DeepTMHMM predicted that the protein is embedded in the membrane, crossing it approximately 12 times. This prediction is supported by structural evidence from AlphaFold3, which shows 12 helices. A pTM score above 0.5 suggests that the predicted overall structure may closely resemble the true protein fold, while ipTM indicates the accuracy of the subunit positioning within the complex. Values higher than 0.8 represent confident, high-quality predictions (Fig.1).
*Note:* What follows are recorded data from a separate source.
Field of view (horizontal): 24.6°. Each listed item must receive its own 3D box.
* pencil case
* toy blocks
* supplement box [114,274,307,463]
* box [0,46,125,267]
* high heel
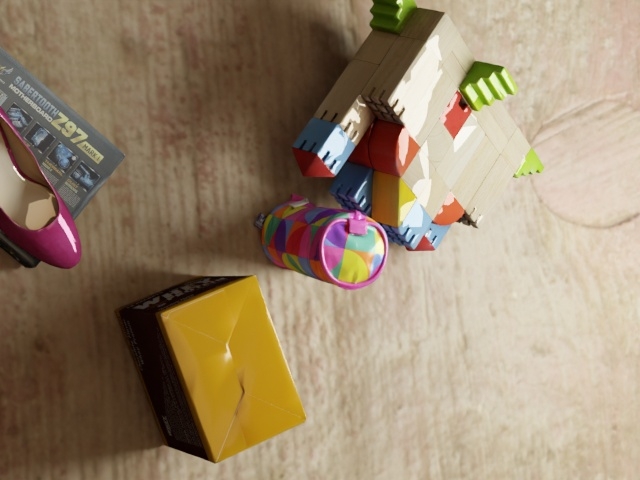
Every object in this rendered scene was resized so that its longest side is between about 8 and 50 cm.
[{"bbox_3d":[0.000,0.000,1.858,0.104,0.236,0.104,-3,98,-22],"label":"pencil case"},{"bbox_3d":[0.121,-0.114,1.919,0.261,0.190,0.381,-57,136,-16],"label":"toy blocks"},{"bbox_3d":[-0.139,0.152,1.805,0.129,0.194,0.191,-22,97,-23],"label":"supplement box"},{"bbox_3d":[-0.382,-0.107,1.780,0.232,0.059,0.183,41,74,-17],"label":"box"},{"bbox_3d":[-0.346,-0.069,1.697,0.082,0.117,0.244,-33,101,-21],"label":"high heel"}]

Considering the data, HfsC is most probably a membrane protein that functions as a polysaccharide ligase due to its similarity to O-antigen ligase; this hypothesis is further supported by earlier research. [1][2]

hfsc.png
Fig. 1. Alphafold 3 structure

References

1. Smith, C.S. et al. (2003a) ‘Identification of genes required for synthesis of the adhesive holdfast in Caulobacter crescentus’, Journal of Bacteriology, 185(4), pp. 1432–1442. doi:10.1128/jb.185.4.1432-1442.2003.
2. Toh, E., Kurtz, Harry D. and Brun, Y.V. (2008) ‘Characterization of the Caulobacter crescentus holdfast polysaccharide biosynthesis pathway reveals significant redundancy in the initiating glycosyltransferase and polymerase steps’, Journal of Bacteriology, 190(21), pp. 7219–7231. doi:10.1128/jb.01003-08.